Так в почтительной тишине прошли две или три минуты. Потом далеко, в глубине зала, раздался отчетливый смех договорников. Он оказался заразительным – весело смеялись артисты, им сдержанно вторили заслуженные, негромко посмеивались, покачивая сереброволосыми головами, народные артисты республик, а в первых рядах многозначительно чуть слышно похрюкивали и улыбались народные артисты Союза.
Василий Павлович сделал шаг вперед. Лик его стал еще более красен. Наконец он решительно произнес:
– Я вас сейчас всех обоссу!
Дамы взвизгнули. Тиме упала в обморок. Клуб интересных встреч закрылся. Как выяснилось потом – навсегда.
Все уже было! Ах, все уже было! В 1819-м в Петербурге состоялась премьера комедии Загоскина «Добрый малый». Герой – столичный авантюрист и мошенник по фамилии Вольский.
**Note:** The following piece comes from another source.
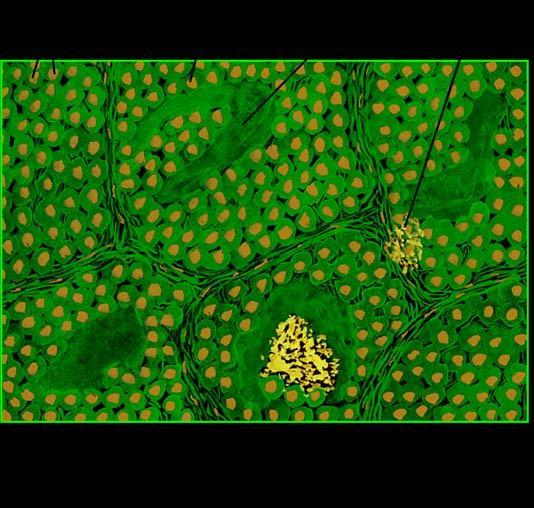does microscopy show organoid pattern of oval tumour cells and abundant amyloid stroma?
Answer the question using a single word or phrase. Yes 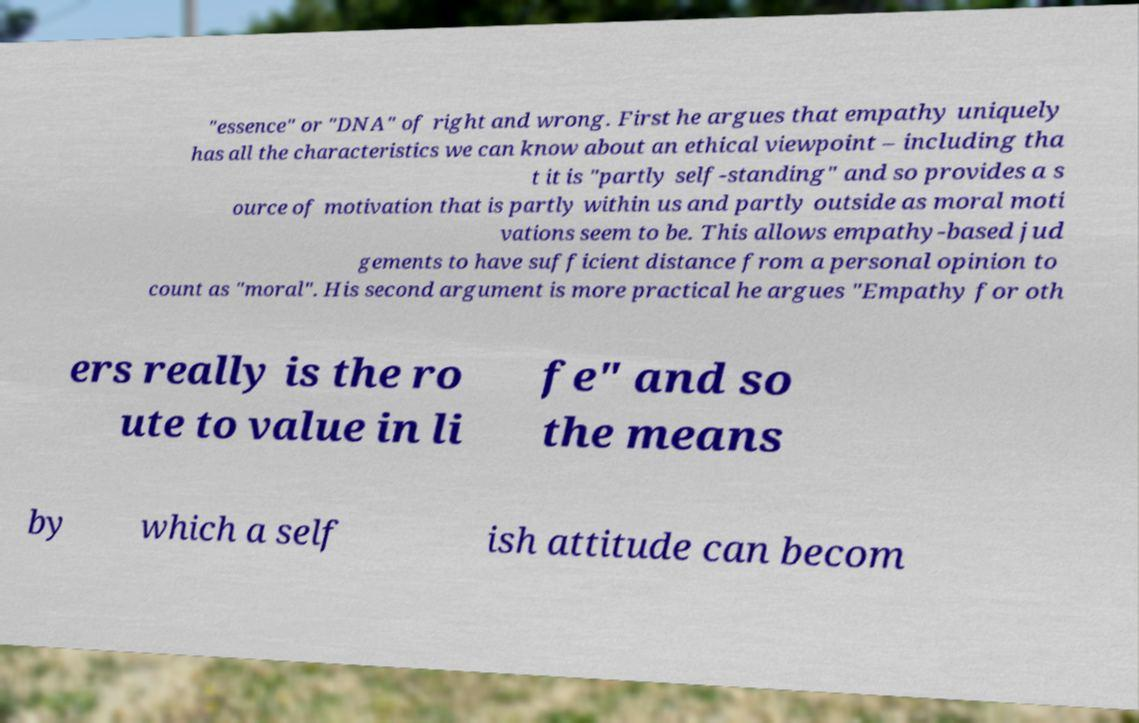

Его обличает и разоблачает человек, приехавший из Рязани с добротной фамилией Стародубов. Все то же – развратная, вольнодумная, низкопоклонная столица и благонамеренная периферия, надежная, честная, домотканая.
Умер поэт Сесар Арконада, бежавший из франкистской Испании. В Союзе писателей, в душной комнате, отданной секции переводчиков, не то председатель, не то заместитель, изнемогая от жары, терпеливо-устало басит в трубку:
– Милая, я приеду попозже… Не знаю точно… В шесть или в семь. Тут Арконада умер, испанец, надо соорудить некроложец. Ну, жди меня… Нет, они не на даче… Так случилось… Не ворчи, моя прелесть, ты же знаешь мои обстоятельства.
…Так он и не вернулся на родину. Более чем за четверть века многое в памяти уже стерлось. Резче всего в ней отпечатались цветные картинки детской поры. Летняя предвечерняя улочка в маленьком андалузском городе. Гранатовый раскаленный закат. Соседки, перебивая друг друга, рассказывают разные разности. Выходит молодой человек – предмет мальчишеского поклонения. Набриолиненые волосы источают благоухание. Не замечая восторженных глаз вдруг замершего мальчугана, он взглядывает на циферблат, шумно здоровается с женщинами. Насвистывая сладкий мотивчик, быстро скрывается за углом.
Написать бы пьесу о бунте диктора – довели до взрыва все эти тексты, отдающие мертвечиной. И каждый день – все то же и то же.
Необходимо написать о своей младости на Петровском бульваре, в тесной запроходной комнатушке, снятой по приезде в Москву. Сначала я был нищ, почти наг (при этом не только по ночам), потом неожиданно разбогател – пошла «Молодость» в Малом театре. Весь доход я спустил в течение года, хотя он по тем временам был изрядным, благо было с кем – хоровод москвичек, помогавших мне в этом буйном транжирстве. И все это время, если подумать, я гарцевал на краешке бездны, в которую так легко мог рухнуть. Суров (был такой проходимец, впрочем, тогда весьма влиятельный) писал на меня донос за доносом, его подручные не отставали – все это выяснилось позднее. Вовсю громили космополитов, уже затевалось дело врачей, а я жил захватывающе бурно. Соседи были один к одному – первостепенные чудаки и колоритные персонажи. Без этой беспечности, без надежд, которых у меня было в избытке, без южной готовности к любви, вряд ли бы удалось уцелеть.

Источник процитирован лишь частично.